= Leandra Overmann =

Serbian opera singer and university teacher (1956–2012)

Leandra Overmann, real name Jelica Overmann (1957 – 20 April 2012) was a Yugoslavian-Serbian opera, song, concert and oratorio singer (mezzo-soprano/alto).

== Life and career ==
Overmann was born in Belgrade (Socialist Federal Republic of Yugoslavia). She received her first singing lessons from her mother Đurđevka Čakarević, the former prima donna of the Belgrade Opera. She also took piano lessons. She studied in Detmold and Cologne and at the Accademia Nazionale di Santa Cecilia in Rome. She made her debut as Rosina in The Barber of Seville at the Belgrade Opera.
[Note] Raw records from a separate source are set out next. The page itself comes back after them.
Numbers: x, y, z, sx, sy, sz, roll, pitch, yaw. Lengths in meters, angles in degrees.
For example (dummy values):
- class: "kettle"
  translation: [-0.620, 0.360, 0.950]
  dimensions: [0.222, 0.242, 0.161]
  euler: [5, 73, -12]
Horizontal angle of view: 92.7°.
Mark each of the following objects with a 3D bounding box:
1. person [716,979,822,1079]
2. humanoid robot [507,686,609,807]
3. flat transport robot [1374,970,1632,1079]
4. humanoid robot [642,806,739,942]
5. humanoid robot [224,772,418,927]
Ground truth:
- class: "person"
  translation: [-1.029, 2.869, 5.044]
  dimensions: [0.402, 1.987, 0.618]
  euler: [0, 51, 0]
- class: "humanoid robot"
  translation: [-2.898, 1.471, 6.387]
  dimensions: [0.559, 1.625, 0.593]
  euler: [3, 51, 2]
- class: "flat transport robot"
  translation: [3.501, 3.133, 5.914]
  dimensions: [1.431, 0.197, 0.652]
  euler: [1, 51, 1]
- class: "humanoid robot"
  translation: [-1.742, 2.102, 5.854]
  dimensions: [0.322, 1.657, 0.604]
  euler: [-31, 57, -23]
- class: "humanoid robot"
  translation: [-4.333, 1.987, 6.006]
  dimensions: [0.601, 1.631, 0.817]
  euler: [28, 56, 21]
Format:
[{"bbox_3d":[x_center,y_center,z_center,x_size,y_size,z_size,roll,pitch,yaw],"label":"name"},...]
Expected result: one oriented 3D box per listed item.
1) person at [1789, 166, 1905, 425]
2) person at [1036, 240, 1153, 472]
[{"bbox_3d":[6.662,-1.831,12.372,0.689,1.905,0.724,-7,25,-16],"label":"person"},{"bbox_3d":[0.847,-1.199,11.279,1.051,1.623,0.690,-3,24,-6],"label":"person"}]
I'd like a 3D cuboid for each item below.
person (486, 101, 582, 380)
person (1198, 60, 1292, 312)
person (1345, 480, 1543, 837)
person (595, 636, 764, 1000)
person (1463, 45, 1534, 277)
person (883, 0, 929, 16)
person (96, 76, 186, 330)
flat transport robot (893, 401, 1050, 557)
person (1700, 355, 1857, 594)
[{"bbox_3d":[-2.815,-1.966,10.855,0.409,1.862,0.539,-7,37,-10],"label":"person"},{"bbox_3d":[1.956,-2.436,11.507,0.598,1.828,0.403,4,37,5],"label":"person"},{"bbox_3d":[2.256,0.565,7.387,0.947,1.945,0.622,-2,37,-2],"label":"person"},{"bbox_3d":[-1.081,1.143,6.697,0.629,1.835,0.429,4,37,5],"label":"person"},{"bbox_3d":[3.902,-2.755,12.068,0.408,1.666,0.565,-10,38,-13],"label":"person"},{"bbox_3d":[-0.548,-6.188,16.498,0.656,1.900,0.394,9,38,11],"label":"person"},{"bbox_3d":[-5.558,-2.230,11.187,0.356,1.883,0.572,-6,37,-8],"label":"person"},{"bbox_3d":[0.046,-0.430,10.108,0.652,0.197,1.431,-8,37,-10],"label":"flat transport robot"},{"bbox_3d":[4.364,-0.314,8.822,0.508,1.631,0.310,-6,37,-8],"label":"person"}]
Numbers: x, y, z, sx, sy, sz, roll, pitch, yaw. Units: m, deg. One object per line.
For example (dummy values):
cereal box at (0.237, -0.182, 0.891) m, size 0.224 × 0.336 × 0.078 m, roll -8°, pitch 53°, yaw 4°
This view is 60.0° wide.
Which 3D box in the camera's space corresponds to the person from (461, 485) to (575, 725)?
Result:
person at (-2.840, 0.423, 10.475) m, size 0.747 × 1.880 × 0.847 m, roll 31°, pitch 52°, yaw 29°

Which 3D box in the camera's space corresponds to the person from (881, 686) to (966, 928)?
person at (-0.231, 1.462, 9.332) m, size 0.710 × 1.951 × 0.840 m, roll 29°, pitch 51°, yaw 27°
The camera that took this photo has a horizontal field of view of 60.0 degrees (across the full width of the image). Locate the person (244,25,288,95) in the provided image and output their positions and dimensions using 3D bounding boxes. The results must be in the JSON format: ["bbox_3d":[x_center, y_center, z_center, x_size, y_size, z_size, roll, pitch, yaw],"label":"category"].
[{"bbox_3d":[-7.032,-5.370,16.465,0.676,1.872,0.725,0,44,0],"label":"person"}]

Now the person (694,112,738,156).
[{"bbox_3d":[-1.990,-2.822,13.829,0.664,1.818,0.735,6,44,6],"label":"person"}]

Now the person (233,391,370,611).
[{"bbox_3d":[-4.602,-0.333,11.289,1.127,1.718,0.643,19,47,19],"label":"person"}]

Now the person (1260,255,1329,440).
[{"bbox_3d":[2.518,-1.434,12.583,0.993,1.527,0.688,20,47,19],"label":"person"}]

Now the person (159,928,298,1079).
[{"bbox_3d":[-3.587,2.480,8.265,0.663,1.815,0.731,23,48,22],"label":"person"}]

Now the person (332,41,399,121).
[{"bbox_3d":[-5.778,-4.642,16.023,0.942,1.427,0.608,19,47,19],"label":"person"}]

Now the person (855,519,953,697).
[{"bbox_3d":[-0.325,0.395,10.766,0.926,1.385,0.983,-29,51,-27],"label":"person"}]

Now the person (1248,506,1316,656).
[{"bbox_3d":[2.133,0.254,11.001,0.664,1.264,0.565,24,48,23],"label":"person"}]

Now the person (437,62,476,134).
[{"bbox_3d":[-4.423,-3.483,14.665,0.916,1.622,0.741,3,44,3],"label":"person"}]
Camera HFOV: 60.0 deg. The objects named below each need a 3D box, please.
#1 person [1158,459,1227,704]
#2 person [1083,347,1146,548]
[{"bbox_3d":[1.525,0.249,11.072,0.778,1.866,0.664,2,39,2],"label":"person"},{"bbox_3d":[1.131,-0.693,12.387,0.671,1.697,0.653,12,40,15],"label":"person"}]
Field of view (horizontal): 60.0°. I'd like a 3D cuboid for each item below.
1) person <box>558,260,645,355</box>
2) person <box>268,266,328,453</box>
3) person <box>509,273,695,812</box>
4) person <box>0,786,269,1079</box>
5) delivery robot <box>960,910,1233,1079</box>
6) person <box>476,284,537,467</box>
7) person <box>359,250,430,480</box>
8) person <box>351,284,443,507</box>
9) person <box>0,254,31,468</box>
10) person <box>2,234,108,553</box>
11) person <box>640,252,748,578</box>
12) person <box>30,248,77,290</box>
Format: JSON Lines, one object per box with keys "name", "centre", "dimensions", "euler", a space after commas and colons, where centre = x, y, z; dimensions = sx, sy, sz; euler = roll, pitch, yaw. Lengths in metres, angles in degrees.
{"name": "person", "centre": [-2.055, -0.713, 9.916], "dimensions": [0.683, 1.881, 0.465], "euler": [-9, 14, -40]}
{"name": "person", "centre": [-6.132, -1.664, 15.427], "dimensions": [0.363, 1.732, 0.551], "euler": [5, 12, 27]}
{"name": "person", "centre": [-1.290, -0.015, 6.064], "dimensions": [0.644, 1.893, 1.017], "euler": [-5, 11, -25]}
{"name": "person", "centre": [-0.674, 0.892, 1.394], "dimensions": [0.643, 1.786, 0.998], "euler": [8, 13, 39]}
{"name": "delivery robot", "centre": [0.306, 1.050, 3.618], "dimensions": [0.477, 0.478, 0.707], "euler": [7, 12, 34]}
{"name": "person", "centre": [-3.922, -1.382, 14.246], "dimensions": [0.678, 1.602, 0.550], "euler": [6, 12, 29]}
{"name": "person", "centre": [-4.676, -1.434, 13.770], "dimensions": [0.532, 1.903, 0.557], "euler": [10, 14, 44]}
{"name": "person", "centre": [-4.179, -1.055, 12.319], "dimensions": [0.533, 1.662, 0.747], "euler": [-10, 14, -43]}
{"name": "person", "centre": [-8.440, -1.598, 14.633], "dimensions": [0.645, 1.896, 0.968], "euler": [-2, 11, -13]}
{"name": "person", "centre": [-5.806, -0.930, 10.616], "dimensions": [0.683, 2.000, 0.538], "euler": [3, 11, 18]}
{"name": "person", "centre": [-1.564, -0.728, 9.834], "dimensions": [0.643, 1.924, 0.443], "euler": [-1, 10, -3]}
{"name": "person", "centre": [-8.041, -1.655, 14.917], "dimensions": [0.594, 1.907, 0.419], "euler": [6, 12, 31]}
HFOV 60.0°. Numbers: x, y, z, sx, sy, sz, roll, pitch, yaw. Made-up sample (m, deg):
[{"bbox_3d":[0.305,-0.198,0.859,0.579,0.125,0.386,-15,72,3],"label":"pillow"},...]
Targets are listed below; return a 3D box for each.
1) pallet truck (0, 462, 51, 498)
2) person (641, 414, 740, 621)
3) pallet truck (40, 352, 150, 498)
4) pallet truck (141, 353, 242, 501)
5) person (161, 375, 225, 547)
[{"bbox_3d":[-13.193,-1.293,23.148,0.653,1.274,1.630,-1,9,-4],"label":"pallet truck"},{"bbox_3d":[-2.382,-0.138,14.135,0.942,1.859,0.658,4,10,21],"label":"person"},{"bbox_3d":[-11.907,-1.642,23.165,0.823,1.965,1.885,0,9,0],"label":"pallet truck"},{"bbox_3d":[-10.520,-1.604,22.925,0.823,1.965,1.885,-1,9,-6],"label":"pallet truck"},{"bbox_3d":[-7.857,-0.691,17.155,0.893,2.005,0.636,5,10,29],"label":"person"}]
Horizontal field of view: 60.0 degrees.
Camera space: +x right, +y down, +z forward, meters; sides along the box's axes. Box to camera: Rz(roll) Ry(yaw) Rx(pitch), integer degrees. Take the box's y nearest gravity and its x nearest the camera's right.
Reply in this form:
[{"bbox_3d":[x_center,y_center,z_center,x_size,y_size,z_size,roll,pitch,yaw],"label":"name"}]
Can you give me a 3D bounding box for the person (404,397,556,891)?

From 1977 to 1982 she was a member of the ensemble at Landestheater Detmold. There she sang a repertoire from soprano to alto. Engagements followed, first as a dramatic soprano, at the stages of Basel (1985–1997), Bonn (1997–2000) and Hanover (2001–2006).From 2006 Overmann belonged to the ensemble of the Stuttgart State Opera, where she performed among others the Kostelnička in Jenufa, Klytämnestra in Elektra and the Witch in Hänsel and Gretel.

She sang on the opera stages of Venice, Trieste, Barcelona, Hamburg, Madrid, Milan, Mannheim, Dresden, Munich, Kiel, Basel and Freiburg/Breisgau. Her repertoire included the Wagnerian roles of Erda, Fricka and Waltraute (Der Ring des Nibelungen), Santuzza (Cavalleria rusticana), Ulrika (Un ballo in maschera), Marina (Boris Godunov), Amneris (Aida), Eboli (Don Carlos) and Margret (Wozzeck). She also sang works by Verdi, Dvořák, Mahler and Puccini.

After working until the end of her life for the Theater Freiburg and the Staatstheater Stuttgart, she died on April 20, 2012, at age of 55. Overmann was the mother of three daughters. From 2002, she held a professorship for voice at the Hochschule für Musik Würzburg in succession to Ingeborg Hallstein.